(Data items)

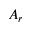Convert formula to latex. <formula><loc_0><loc_0><loc_500><loc_500>A _ { r }</formula> 
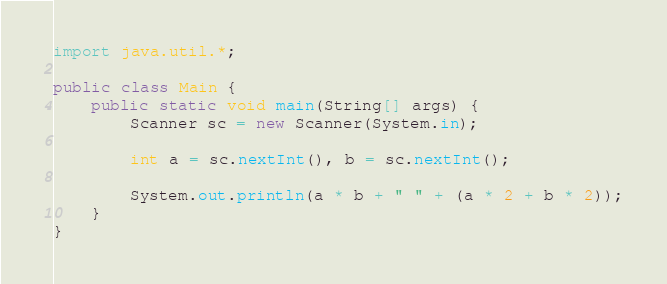Convert code to text. <code><loc_0><loc_0><loc_500><loc_500><_Java_>import java.util.*;

public class Main {
	public static void main(String[] args) {
		Scanner sc = new Scanner(System.in);
		
		int a = sc.nextInt(), b = sc.nextInt();
		
		System.out.println(a * b + " " + (a * 2 + b * 2));
	}
}</code> 
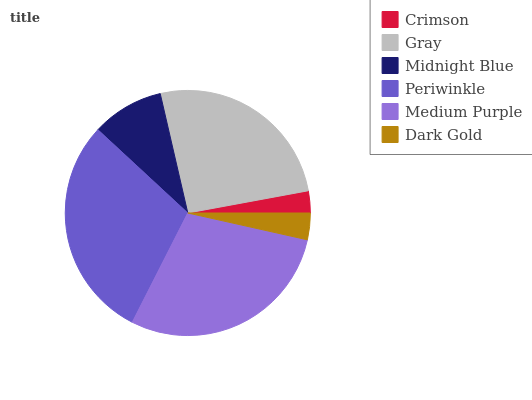Is Crimson the minimum?
Answer yes or no. Yes. Is Periwinkle the maximum?
Answer yes or no. Yes. Is Gray the minimum?
Answer yes or no. No. Is Gray the maximum?
Answer yes or no. No. Is Gray greater than Crimson?
Answer yes or no. Yes. Is Crimson less than Gray?
Answer yes or no. Yes. Is Crimson greater than Gray?
Answer yes or no. No. Is Gray less than Crimson?
Answer yes or no. No. Is Gray the high median?
Answer yes or no. Yes. Is Midnight Blue the low median?
Answer yes or no. Yes. Is Crimson the high median?
Answer yes or no. No. Is Dark Gold the low median?
Answer yes or no. No. 
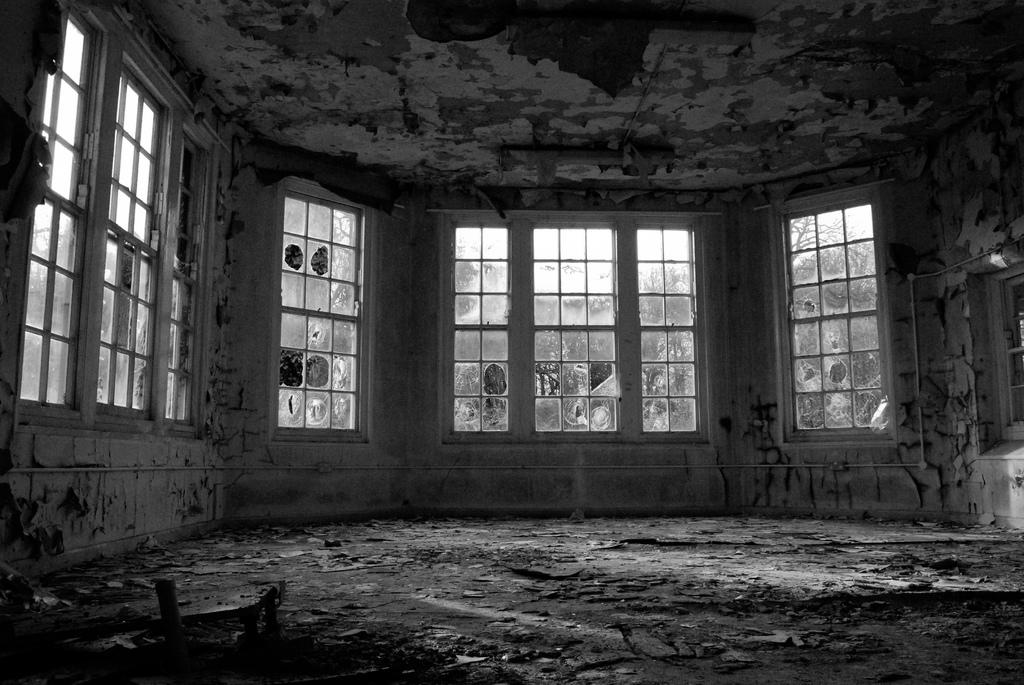What is located in the center of the image? There are windows in the center of the image. What can be inferred about the state of the house in the image? The house appears to be abandoned. What unit of measurement is used to calculate the profit of the house in the image? There is no information about the profit of the house in the image, so it is not possible to determine the unit of measurement used. Is there any indication of approval or disapproval of the house in the image? There is no indication of approval or disapproval of the house in the image.

*Work request*.
What is needed is an exact copy of the lines from the one containing "Answer yes or no. Yes. Is Crimson the" through the last line of the records, with every picture left out.

*Output*.
Answer yes or no. Yes. Is Crimson the high median?
Answer yes or no. No. Is Dark Gold the low median?
Answer yes or no. No. 
What is located in the center of the image? There are windows in the center of the image. What can be inferred about the state of the house in the image? The house appears to be abandoned. What unit of measurement is used to calculate the profit of the house in the image? There is no information about the profit of the house in the image, so it is not possible to determine the unit of measurement used. Is there any indication of approval or disapproval of the house in the image? There is no indication of approval or disapproval of the house in the image.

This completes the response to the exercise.